Agri-CV-Research
An AI-powered agricultural CV research framework automating the full pipeline from literature discovery to paper drafting, optimized for Codex, Claude Code and Cursor workflows.
A Python framework that automates the entire agricultural computer vision research pipeline, from searching papers and designing experiments to training models, evaluating robustness in field conditions, and generating LaTeX-ready publication figures and paper drafts.
Agri-CV Research is a Python framework designed to automate the full process of conducting a computer vision research project in the field of agriculture. The idea is that a researcher can start from a topic like "detecting tomato leaf disease with a lightweight model" and the framework will guide or automate each stage: searching related papers, generating research ideas, designing experiments, training models, evaluating results, creating publication figures, and drafting a paper. All nine stages are meant to run in sequence from a single command-line interface.
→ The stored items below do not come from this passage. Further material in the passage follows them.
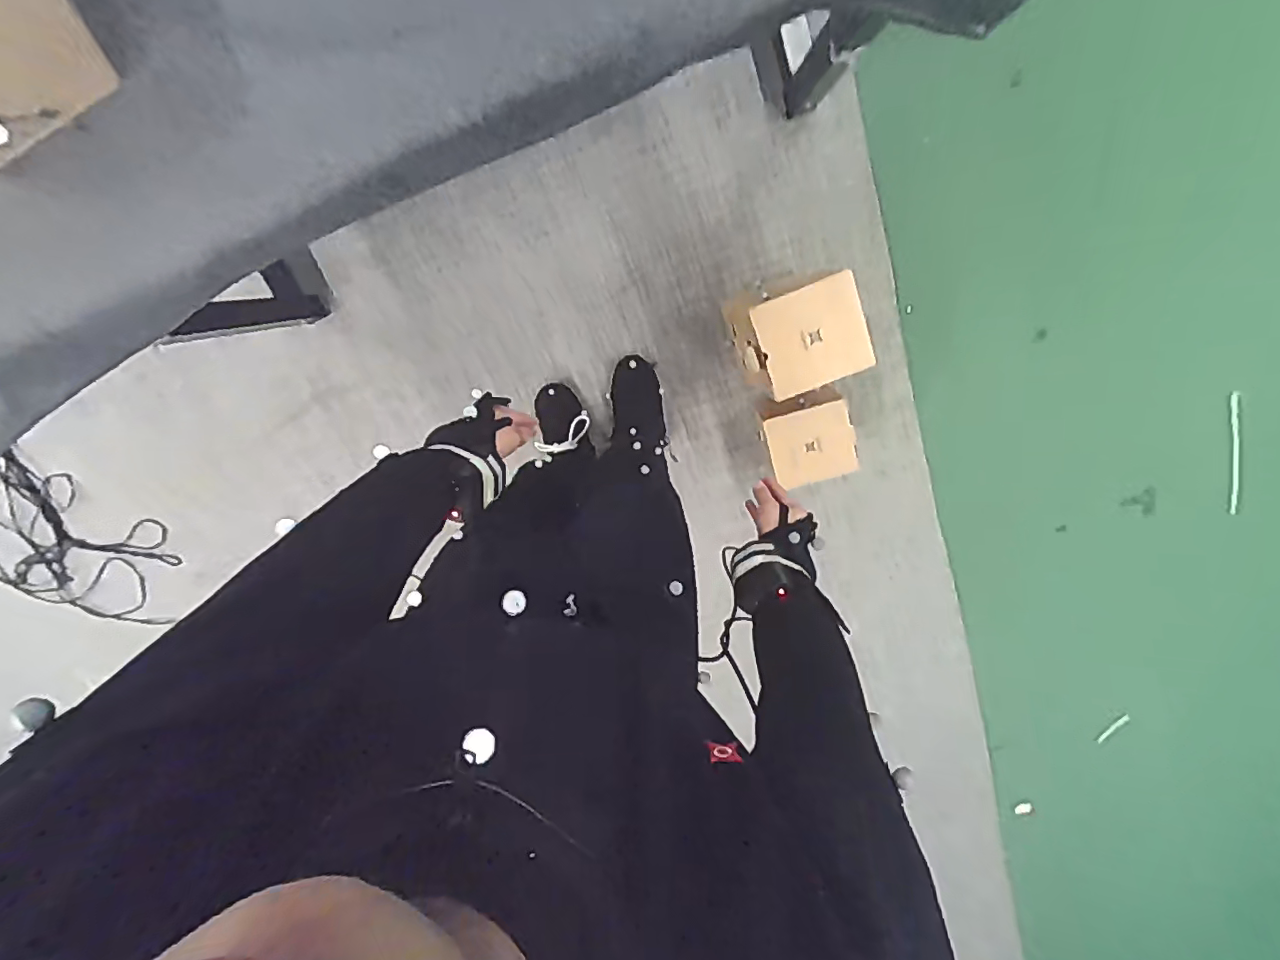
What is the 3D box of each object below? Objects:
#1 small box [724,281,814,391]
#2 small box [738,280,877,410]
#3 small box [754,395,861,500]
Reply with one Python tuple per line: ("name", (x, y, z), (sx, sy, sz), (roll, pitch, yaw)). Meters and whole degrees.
("small box", (0.281, -0.299, 1.126), (0.179, 0.176, 0.168), (-19, 106, 9))
("small box", (0.291, -0.248, 0.969), (0.179, 0.176, 0.168), (-21, 108, 10))
("small box", (0.366, -0.079, 1.202), (0.179, 0.176, 0.168), (-16, 107, 10))
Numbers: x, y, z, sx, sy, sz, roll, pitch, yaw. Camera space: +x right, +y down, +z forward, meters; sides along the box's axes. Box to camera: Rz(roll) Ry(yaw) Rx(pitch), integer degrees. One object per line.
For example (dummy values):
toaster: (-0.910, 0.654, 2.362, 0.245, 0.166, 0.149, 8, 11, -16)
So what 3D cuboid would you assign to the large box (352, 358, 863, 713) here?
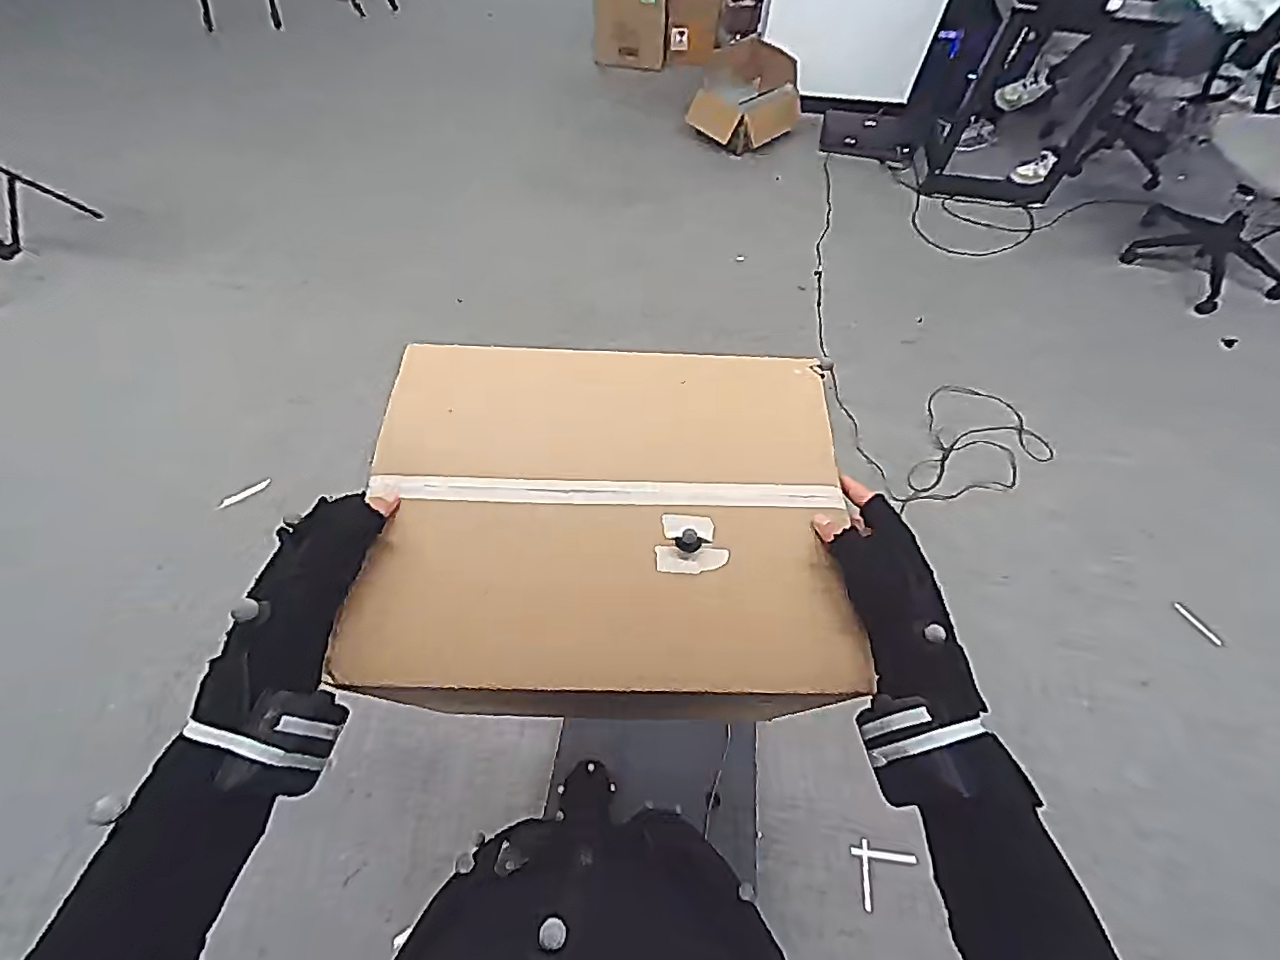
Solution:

The agricultural focus means the framework ships with support for problems specific to farming and crops: identifying plant diseases, recognizing weeds in fields, counting fruit in orchards, and monitoring crop growth. It includes connectors for several well-known public datasets (PlantVillage, PlantDoc, DeepWeeds, MinneApple) and wrappers for popular model families including YOLOv8 for detection, Vision Transformers and EfficientNet for classification, SAM for segmentation, and CLIP for zero-shot or few-shot tasks.
Evaluation goes beyond standard accuracy numbers. The framework tests model robustness under conditions that appear in real agricultural deployment: rain, fog, low light, and partial obstructions. It also includes edge-device benchmarking, which matters when models need to run on hardware in the field rather than in a data center.
On the output side, the framework generates figures and tables formatted for research papers: Grad-CAM attention maps, confusion matrices, training curves, and LaTeX-ready artifacts that can go directly into a manuscript. There is also a paper-writing command that takes experiment results and produces a structured draft.
The project is designed to work alongside AI coding assistants such as Cursor and Claude Code, and the README describes specific roles for each. Installation requires Python 3.10 or later and is done through pip. The repository is released under an MIT license.
Where it fits
- Run a full plant disease detection research project from literature search to a publication-ready paper draft with a single CLI command.
- Benchmark agricultural CV models on edge devices with robustness tests under rain, fog, and low-light conditions.
- Generate Grad-CAM attention maps and confusion matrices formatted for direct insertion into a LaTeX manuscript.
- Automatically produce a structured paper draft from experiment results for an agricultural AI journal submission.